The "Gift of Faith" God has given all of us was reinforced in talks, Masses and devotions of the Eucharistic Congress. The quadrennial gathering, which moves from country to country, is a worldwide public witness to the gift Jesus has given the Church in the Sacrament of His Body and Blood, the Sacrament of the Holy Eucharist.
I found the celebrations of the liturgy there particularly moving, aided by extremely well prepared and reverent sacred music. I was so impressed by a choir of university students that I immediately invited them to visit Oakland and sing in our cathedral. (Stay tuned.)
On one evening we were invited to join a local Cebu parish for Mass. More than 1,000 local parishioners showed up to greet the Diocese of Oakland pilgrims.
We were treated to costumed youth dancers who lined up to perform for us as we arrived, and then hosted us to a barbecue roasted pig dinner.

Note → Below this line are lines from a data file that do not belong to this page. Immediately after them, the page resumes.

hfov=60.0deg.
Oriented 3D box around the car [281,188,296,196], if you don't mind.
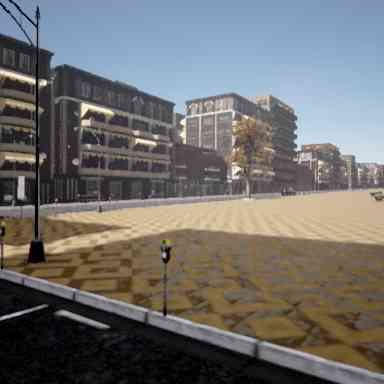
[{"bbox_3d":[23.159,-0.018,79.743,2.150,2.045,5.566,1,1,35],"label":"car"}]
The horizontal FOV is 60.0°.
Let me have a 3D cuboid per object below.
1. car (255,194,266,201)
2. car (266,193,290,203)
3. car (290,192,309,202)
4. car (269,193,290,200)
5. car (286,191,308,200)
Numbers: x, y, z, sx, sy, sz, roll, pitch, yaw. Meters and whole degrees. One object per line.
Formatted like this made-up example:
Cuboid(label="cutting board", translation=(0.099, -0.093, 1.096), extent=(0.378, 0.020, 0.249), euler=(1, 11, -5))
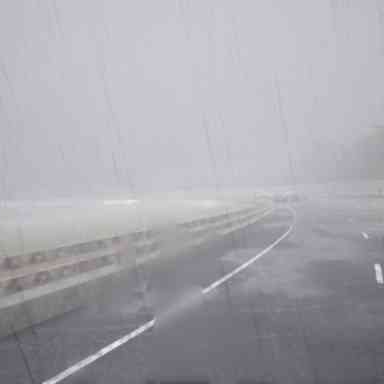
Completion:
Cuboid(label="car", translation=(13.890, 1.047, 65.648), extent=(1.994, 1.385, 4.181), euler=(-2, 0, -8))
Cuboid(label="car", translation=(14.353, 1.066, 55.745), extent=(1.994, 1.385, 4.181), euler=(-2, 0, -2))
Cuboid(label="car", translation=(17.846, 0.869, 55.626), extent=(2.128, 1.511, 4.902), euler=(-2, 0, -2))
Cuboid(label="car", translation=(17.368, 0.868, 66.002), extent=(2.033, 1.411, 5.357), euler=(-2, 0, -8))
Cuboid(label="car", translation=(20.845, 0.673, 66.355), extent=(2.128, 1.511, 4.902), euler=(-2, 0, -8))
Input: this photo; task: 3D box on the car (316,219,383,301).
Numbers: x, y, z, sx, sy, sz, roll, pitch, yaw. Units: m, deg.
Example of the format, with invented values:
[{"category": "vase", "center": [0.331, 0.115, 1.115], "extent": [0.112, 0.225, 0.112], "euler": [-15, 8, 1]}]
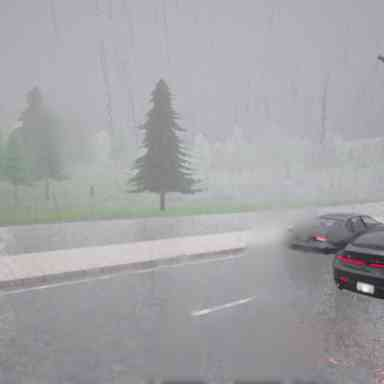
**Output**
[{"category": "car", "center": [5.078, 1.456, 7.369], "extent": [4.892, 1.490, 1.837], "euler": [0, 0, -35]}]

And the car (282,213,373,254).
[{"category": "car", "center": [5.602, 1.480, 12.041], "extent": [5.357, 1.411, 2.033], "euler": [0, 0, -35]}]
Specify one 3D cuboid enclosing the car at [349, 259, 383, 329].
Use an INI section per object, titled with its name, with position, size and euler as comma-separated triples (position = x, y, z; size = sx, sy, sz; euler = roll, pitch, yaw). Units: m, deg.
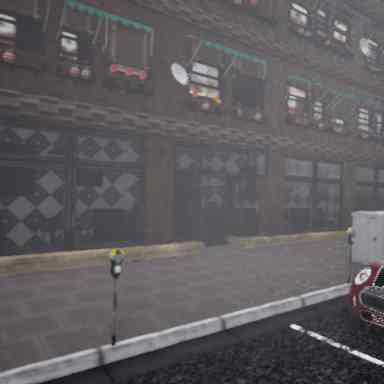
[car]
position = 4.649, 1.464, 5.954
size = 4.097, 1.590, 1.967
euler = 1, 1, -34
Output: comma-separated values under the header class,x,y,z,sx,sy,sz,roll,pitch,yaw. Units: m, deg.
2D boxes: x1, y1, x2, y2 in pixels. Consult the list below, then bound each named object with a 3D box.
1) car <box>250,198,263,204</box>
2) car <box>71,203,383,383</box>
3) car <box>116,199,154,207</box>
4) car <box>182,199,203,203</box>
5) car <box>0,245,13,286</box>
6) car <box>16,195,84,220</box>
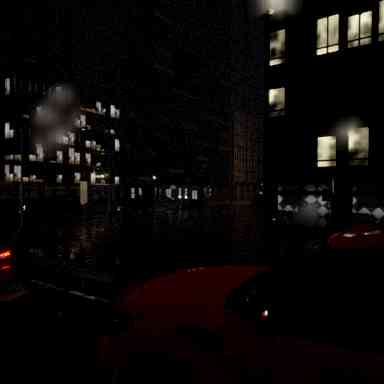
class,x,y,z,sx,sy,sz,roll,pitch,yaw
car,11.628,1.793,55.953,2.033,1.411,5.357,1,0,37
car,1.773,1.222,2.421,5.566,2.045,2.150,0,0,35
car,-6.309,1.595,37.198,2.128,1.511,4.902,1,0,37
car,-0.155,1.676,45.448,1.812,1.442,4.674,1,0,36
car,-6.128,1.522,8.041,4.674,1.442,1.812,0,0,35
car,-12.245,1.280,29.174,2.150,2.045,5.566,1,0,39
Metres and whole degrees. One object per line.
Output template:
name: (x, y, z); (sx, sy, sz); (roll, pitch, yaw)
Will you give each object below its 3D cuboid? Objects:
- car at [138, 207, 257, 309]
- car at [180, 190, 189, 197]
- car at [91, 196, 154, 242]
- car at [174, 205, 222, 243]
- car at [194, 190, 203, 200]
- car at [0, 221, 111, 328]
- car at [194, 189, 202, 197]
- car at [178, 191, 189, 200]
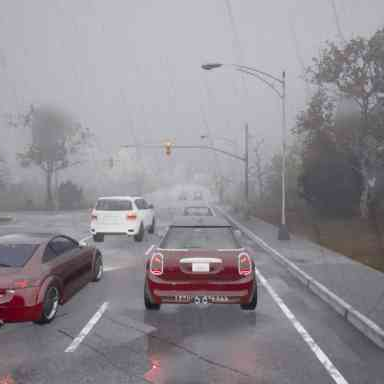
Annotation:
car: (0.175, 1.352, 8.011); (2.097, 1.767, 4.553); (0, 0, 1)
car: (-1.895, 0.356, 85.561); (2.033, 1.411, 5.357); (0, 3, 1)
car: (-3.242, 1.221, 16.549); (2.150, 2.045, 5.566); (0, 0, 3)
car: (0.295, 1.491, 16.987); (2.128, 1.511, 4.902); (0, 0, 1)
car: (1.395, 1.017, 75.488); (1.812, 1.442, 4.674); (0, 3, 1)
car: (-3.335, 1.564, 7.131); (1.994, 1.385, 4.181); (0, 0, 1)
car: (1.604, 0.173, 85.449); (2.097, 1.767, 4.553); (0, 3, 1)
car: (-2.104, 1.045, 75.562); (1.994, 1.385, 4.181); (0, 3, 1)
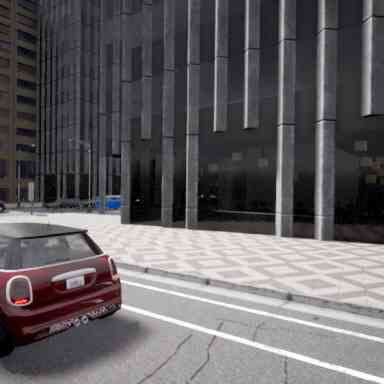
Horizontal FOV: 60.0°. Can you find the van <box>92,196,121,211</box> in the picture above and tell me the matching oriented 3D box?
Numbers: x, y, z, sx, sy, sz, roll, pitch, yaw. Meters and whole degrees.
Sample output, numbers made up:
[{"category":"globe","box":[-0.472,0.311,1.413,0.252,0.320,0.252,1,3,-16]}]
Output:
[{"category":"van","box":[-9.659,1.330,40.257,1.690,1.788,3.998,1,1,36]}]

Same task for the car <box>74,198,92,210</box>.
[{"category":"car","box":[-11.908,1.474,41.704,1.812,1.442,4.674,1,1,36]}]

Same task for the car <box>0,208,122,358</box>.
[{"category":"car","box":[-3.451,1.347,6.140,4.553,1.767,2.097,0,0,35]}]

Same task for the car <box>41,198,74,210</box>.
[{"category":"car","box":[-15.924,1.450,41.595,2.033,1.411,5.357,1,1,36]}]

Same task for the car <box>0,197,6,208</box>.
[{"category":"car","box":[-21.514,1.267,33.773,2.097,1.767,4.553,1,1,35]}]

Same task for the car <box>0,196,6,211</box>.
[{"category":"car","box":[-22.943,1.313,36.421,1.967,1.590,4.097,1,1,36]}]

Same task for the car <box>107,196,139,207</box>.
[{"category":"car","box":[-10.176,1.417,49.564,1.812,1.442,4.674,1,1,36]}]
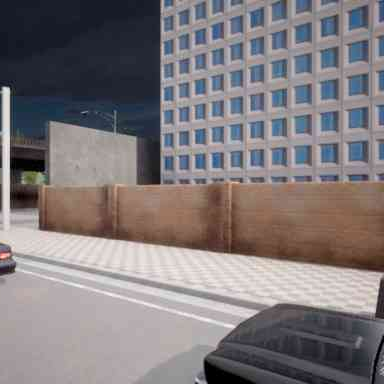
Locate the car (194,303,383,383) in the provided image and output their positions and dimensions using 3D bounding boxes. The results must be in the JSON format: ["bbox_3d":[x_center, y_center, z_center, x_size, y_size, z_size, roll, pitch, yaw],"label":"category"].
[{"bbox_3d":[2.352,1.601,2.307,4.718,1.301,1.895,0,0,36],"label":"car"}]

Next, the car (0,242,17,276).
[{"bbox_3d":[-6.762,1.547,8.821,5.357,1.411,2.033,0,0,36],"label":"car"}]
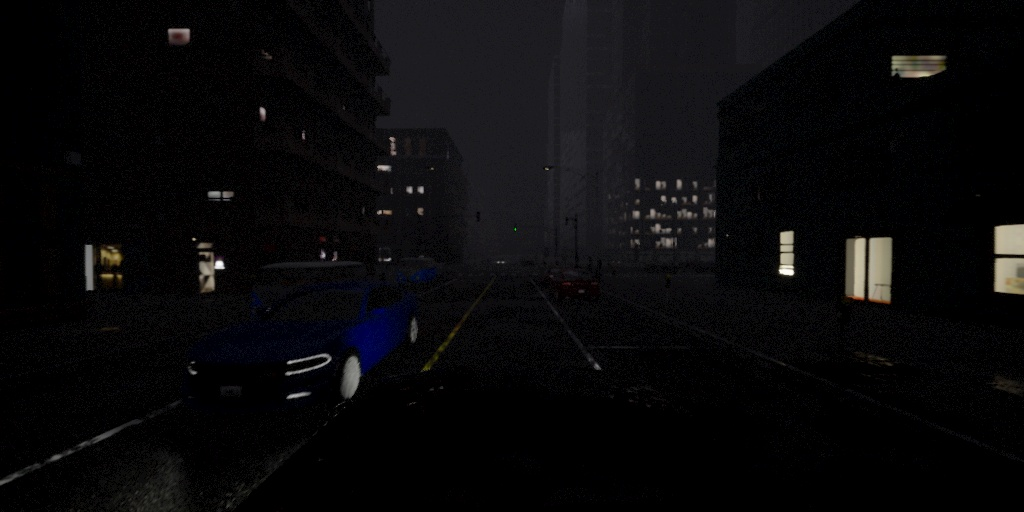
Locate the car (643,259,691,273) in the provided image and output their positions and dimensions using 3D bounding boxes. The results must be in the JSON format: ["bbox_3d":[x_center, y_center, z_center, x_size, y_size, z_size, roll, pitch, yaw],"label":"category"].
[{"bbox_3d":[16.750,1.258,39.448,4.403,1.370,2.007,0,0,1],"label":"car"}]

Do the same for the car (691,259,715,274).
[{"bbox_3d":[22.232,1.299,39.368,4.313,1.339,1.948,0,0,1],"label":"car"}]

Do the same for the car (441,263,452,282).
[{"bbox_3d":[-5.667,1.172,27.255,2.007,1.370,4.403,0,0,0],"label":"car"}]

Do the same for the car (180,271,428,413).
[{"bbox_3d":[-3.095,1.205,6.446,1.882,1.535,5.008,0,0,0],"label":"car"}]

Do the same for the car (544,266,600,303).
[{"bbox_3d":[2.703,1.224,16.123,1.888,1.381,4.507,0,0,0],"label":"car"}]

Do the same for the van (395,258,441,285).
[{"bbox_3d":[-5.672,0.991,21.676,1.690,1.789,3.998,0,0,0],"label":"van"}]

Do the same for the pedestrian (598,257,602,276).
[{"bbox_3d":[8.165,0.962,33.507,0.375,1.860,0.375,-1,1,0],"label":"pedestrian"}]

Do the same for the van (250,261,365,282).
[{"bbox_3d":[-5.683,1.048,10.513,1.690,1.789,3.998,0,0,0],"label":"van"}]

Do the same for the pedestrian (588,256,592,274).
[{"bbox_3d":[7.164,0.913,32.907,0.375,1.860,0.375,-1,1,0],"label":"pedestrian"}]

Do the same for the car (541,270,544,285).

Two of our Oakland delegates, members of the Confraternity of Eucharistic Devotion (CEDDO), gave a moving testimony a "faith sharing" to the whole congregation after Mass. I hope some day we can publish Glenda Dubsky and Romy Cabrera's very edifying accounts of how Jesus Christ and the Holy Eucharist changed their lives.
On the back of my priestly ordination card in 1985 I chose as my scripture "Thanks be to God for his inexpressible gift" (2 Cor 9:15). Thanks be to God for the inexpressible gift of Jesus Christ in the Sacrament of the Eucharist. Thanks be to God for the gift of witness to the Catholic Faith provided by our loyal Filipino parishioners.